Marine : interopérabilité et résilience, plus vite et plus fort
Avec ses innovations technologiques et ses talents, la Marine se prépare aux futures interventions en interarmées et en coalition. L’Europe va se projeter au-delà de la Méditerranée, jusqu’à l’arc Iran-Pakistan et l’Afrique.
L’amiral Pierre Vandier, chef d’état-major de la Marine (CEMM), l’a expliqué au cours d’une rencontre organisée, le 8 mars 2022 à Paris, par l’Association des journalistes de défense.
Bouleversement géopolitique. Le monde vient d’entrer dans une logique de puissance remettant en cause l’architecture de sécurité internationale, souligne le CEMM. L’intervention russe en Ukraine ne constitue pas une crise, comme au Proche-Orient, mais un changement profond sur les plans militaire et économique affectant les approvisionnements en pétrole, gaz (russe) et blé (russe et ukrainien). Elle ne se réduit pas à la mer Noire, mais s’inscrit dans un ensemble cohérent du port de Sébastopol (Crimée) à celui de Mourmansk (Nord du cercle polaire arctique). Déployé en Méditerranée orientale en support de la mission OTAN, le groupe aéronaval lance deux patrouilles de chasseurs Rafale et une de l’avion de guet aérien Hawkeye chaque jour. Un Rafale peut effectuer un aller-retour jusqu’en Roumanie en 1h30. Un sous-marin nucléaire d’attaque se trouve en océan Indien et la frégate de surveillance Vendémiaire en mer de Chine.
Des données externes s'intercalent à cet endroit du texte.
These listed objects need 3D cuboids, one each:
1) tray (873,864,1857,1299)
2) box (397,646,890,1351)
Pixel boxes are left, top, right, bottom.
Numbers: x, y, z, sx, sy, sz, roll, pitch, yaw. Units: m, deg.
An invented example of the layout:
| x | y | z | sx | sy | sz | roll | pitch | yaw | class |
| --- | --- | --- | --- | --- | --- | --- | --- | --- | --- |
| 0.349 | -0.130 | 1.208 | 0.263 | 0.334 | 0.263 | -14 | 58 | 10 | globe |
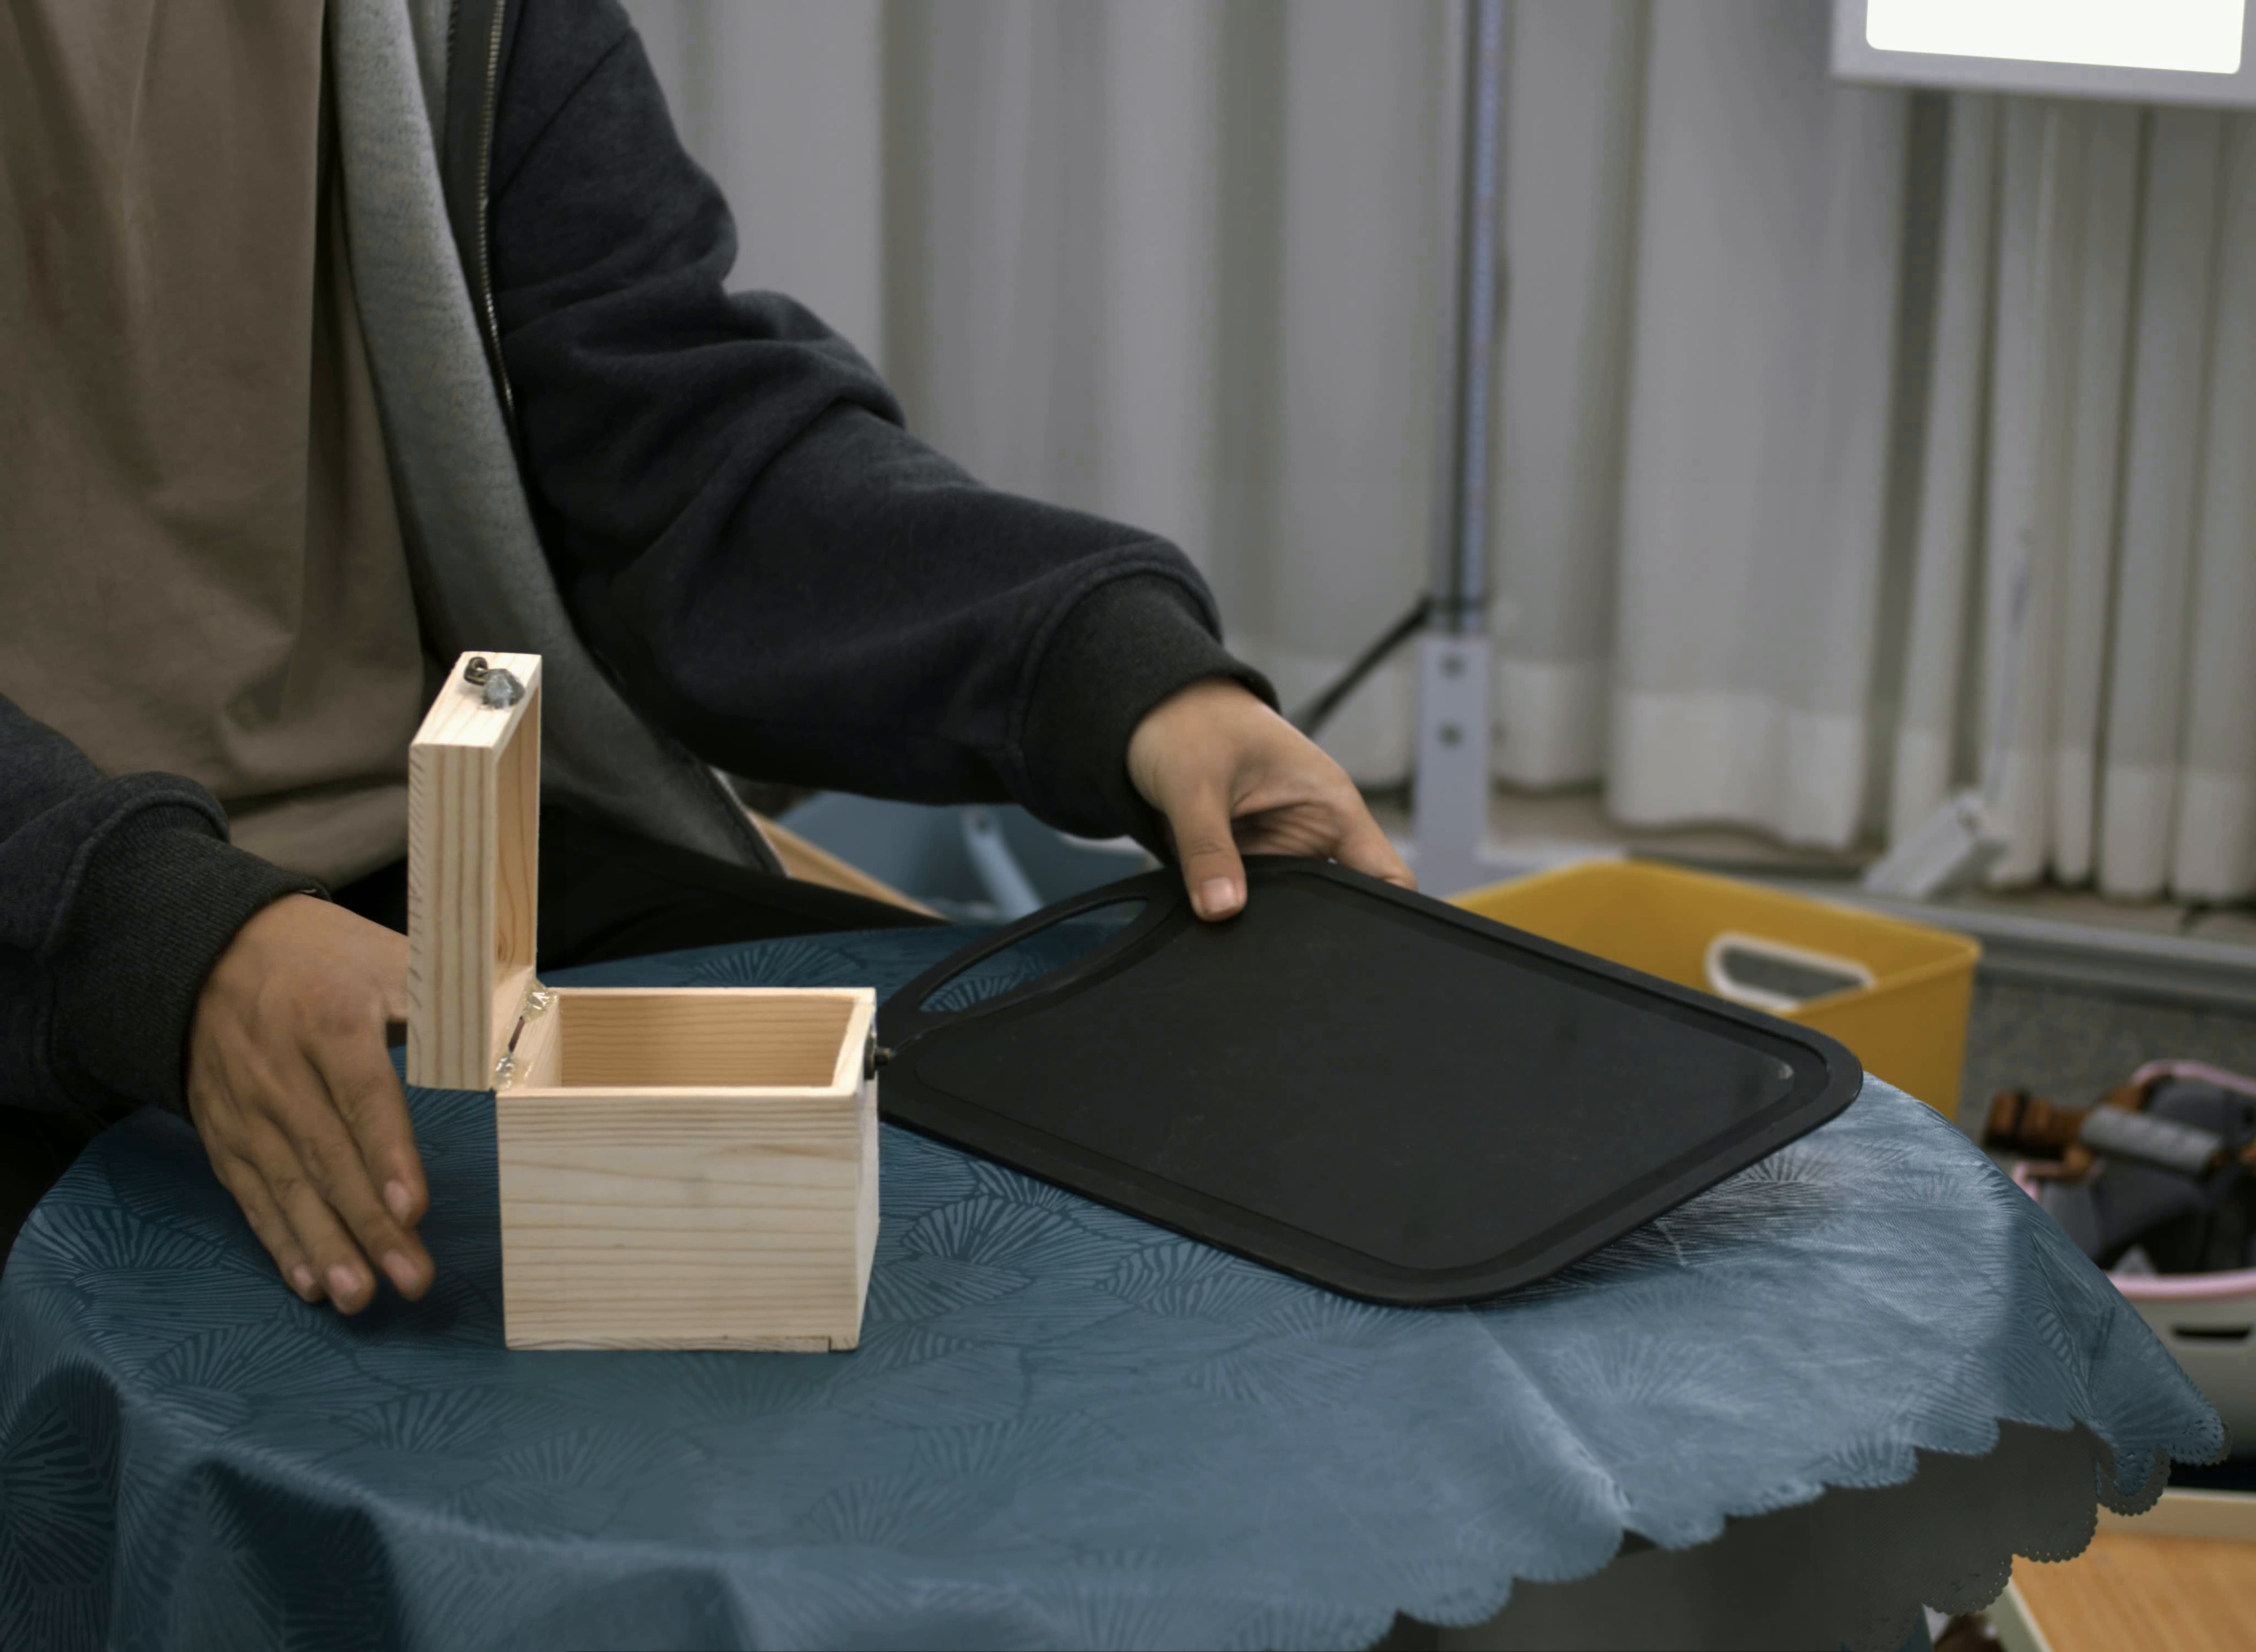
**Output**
| x | y | z | sx | sy | sz | roll | pitch | yaw | class |
| --- | --- | --- | --- | --- | --- | --- | --- | --- | --- |
| 0.060 | 0.073 | 1.679 | 0.211 | 0.010 | 0.321 | -25 | 29 | -35 | tray |
| -0.135 | 0.047 | 1.508 | 0.133 | 0.186 | 0.102 | -1 | 17 | 0 | box |

Selon le document Brèves Marines (octobre 2021) du Centre d’études stratégique de la marine, des Etats historiquement maritimes renforcent leurs capacités en sous-marins et navires de surface et de débarquement. Plusieurs puissances émergentes, dont la Turquie, acquièrent des capacités de protection, d’intervention et parfois de projection océanique. En outre, l’Asie rassemble 55 % des sous-marins en service dans le monde, d’abord en Chine, au Japon, en Corée du Sud, en Australie, en Inde et au Pakistan, puis au Viêt Nam, en Birmanie, en Thaïlande et au Bangladesh. Faute de pouvoir mettre en œuvre un porte-avions, des Etats se dotent de bâtiments d’assaut amphibies.
Combat aéromaritime. L’exercice « Polaris 2021 » a permis de renforcer les capacités en combat aéromaritime de haute intensité. Du 18 novembre au 3 décembre 2021 sur les façades méditerranéenne et atlantique, il a mobilisé plus de 6.000 militaires français (130 soldats de l’armée de Terre) et étrangers et, notamment, le porte-avions nucléaire Charles-de Gaulle et le porte-hélicoptères amphibie Tonnerre. « Polaris 21 » a provoqué un changement de la manière de penser, estime le CEMM. Il a mis en œuvre deux forces symétriques, qui ont dû gérer leurs ressources en pétrole et en munitions et innover sur le plan tactique. Les commandants d’unités ont dû utiliser de nouvelles technologies et de nouveaux concepts, afin de surprendre l’adversaire pour conserver leur liberté d’action. Habitué à se préparer à la guerre selon une doctrine et par l’entraînement, le chef d’aujourd’hui doit faire face à l’incertitude, l’imprévu et la vulnérabilité consécutive à une perte de communication par satellite ou un dysfonctionnement du GPS, indispensables aux missiles de croisière. Il s’agit de maintenir le combat au même niveau, mais en mode dégradé, grâce à la résilience globale où chaque opérateur doit pouvoir être remplacé par un autre. Des marins « ambassadeurs internes » expliquent à d’autres marins comment changer de métier en cours de carrière. Sur le plan technique, le drone naval mode hélicoptère, véritable œil déporté, sera expérimenté mi-avril pendant la mission « Jeanne d’Arc 2022 ».